Por estas horas se conoció la reciente decisión de una jueza de Carolina del Sur, en Estados Unidos, quien decretó que el condenado a muerte más joven en la historia de ese país, George Stinney, no tuvo un proceso justo.

El 16 de junio de 1944, el chico negro de 14 años y de apenas 43 kilos de peso, era condenado y ejecutado por el presunto asesinato de dos nenas: Betty June Binnicker, de 11 años, y Mary Emma Thames, de 7.

Y al momento de efectuar la ejecución, era tan chiquito que el verdugo tuvo que poner una guía telefónica debajo de sus nalgas para que no se deslizara en la silla eléctrica.

Durante el proceso judicial que llevó al crimen, que no duró más de una jornada, la policía afirmó que contaba con la confesión del adolescente, aunque nunca se encontraron escritos en ese sentido en los archivos judiciales. Y el jurado formado íntegramente por blancos tomó por cierta esa presunta confesión.

El abogado del chico era además un cobrador de impuestos blanco, que en ese entonces en plena campaña para su reelección, convocó a muy pocos testigos y apenas realizó algunos simulacros de contra interrogatorios.

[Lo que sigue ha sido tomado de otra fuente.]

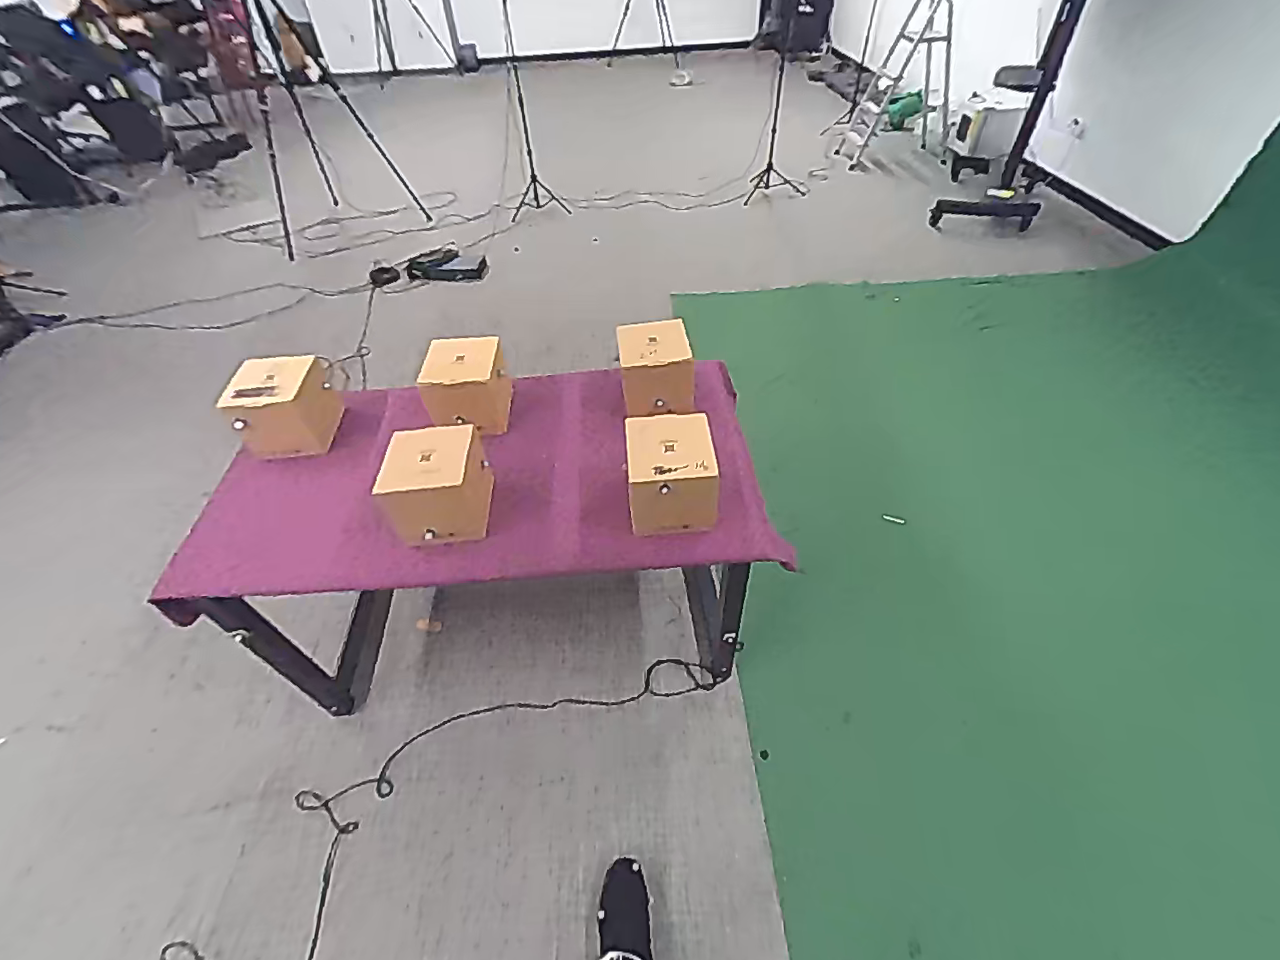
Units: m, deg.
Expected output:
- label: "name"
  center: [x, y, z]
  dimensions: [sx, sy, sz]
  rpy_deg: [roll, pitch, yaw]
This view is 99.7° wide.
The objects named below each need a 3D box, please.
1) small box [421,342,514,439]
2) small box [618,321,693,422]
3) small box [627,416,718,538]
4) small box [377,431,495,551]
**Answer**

Setenta años más tarde, la jueza Carmen Tevis Mullen afirmó que el proceso judicial contra Stinney había estado plagado de "violaciones fundamentales y constitucionales a un proceso regular", agregando que "no recuerdo un caso en el que abundaran tantas pruebas de violaciones de los derechos constitucionales y tantas injusticias".

El hermano y la hermana del ejecutado, hoy septuagenario y octogenaria, emprendieron hace años un combate judicial para rehabilitar el nombre de George. "Estoy tan feliz", dijo Katherine Stinney Robinson a un diario local, aunque advirtió que "esta decisión tardó demasiado".

Tanto tardó que la pena de muerte legal se cumplió. El asesinato legal se ejecutó. Y la pena de muerte es insoluble.